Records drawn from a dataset
________

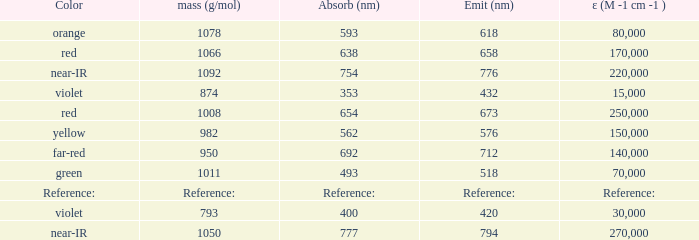Which Emission (in nanometers) has an absorbtion of 593 nm? 618.0. 
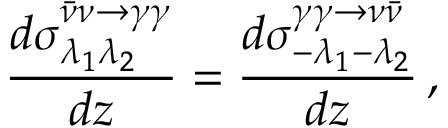<formula> <loc_0><loc_0><loc_500><loc_500>\frac { d { \sigma } _ { \lambda _ { 1 } \lambda _ { 2 } } ^ { \bar { \nu } \nu \to \gamma \gamma } } { d z } = \frac { d { \sigma } _ { - \lambda _ { 1 } - \lambda _ { 2 } } ^ { \gamma \gamma \to \nu \bar { \nu } } } { d z } \, ,</formula> 
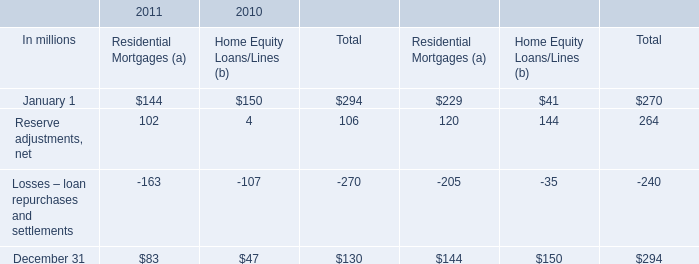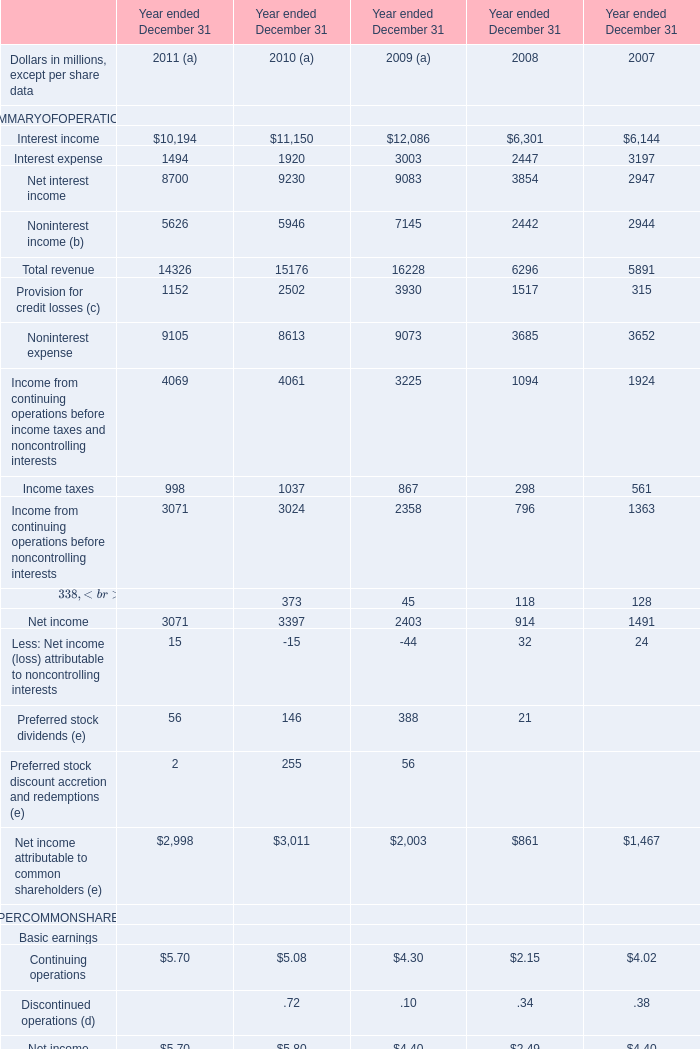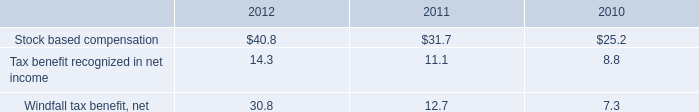In the year with the most Noninterest income (b), what is the growth rate of Noninterest income (b)? 
Computations: ((7145 - 2442) / 7145)
Answer: 0.65822.

________

Exercise description. Pictures aside, repeat each entry in full and without change.

Exercise output.
Which Emission (in nanometers) has an absorbtion of 593 nm? 618.0. 
<formula> <loc_0><loc_0><loc_500><loc_500>\frac { d { \sigma } _ { \lambda _ { 1 } \lambda _ { 2 } } ^ { \bar { \nu } \nu \to \gamma \gamma } } { d z } = \frac { d { \sigma } _ { - \lambda _ { 1 } - \lambda _ { 2 } } ^ { \gamma \gamma \to \nu \bar { \nu } } } { d z } \, ,</formula> 
In the year with the most Noninterest income (b), what is the growth rate of Noninterest income (b)? 
Computations: ((7145 - 2442) / 7145)
Answer: 0.65822.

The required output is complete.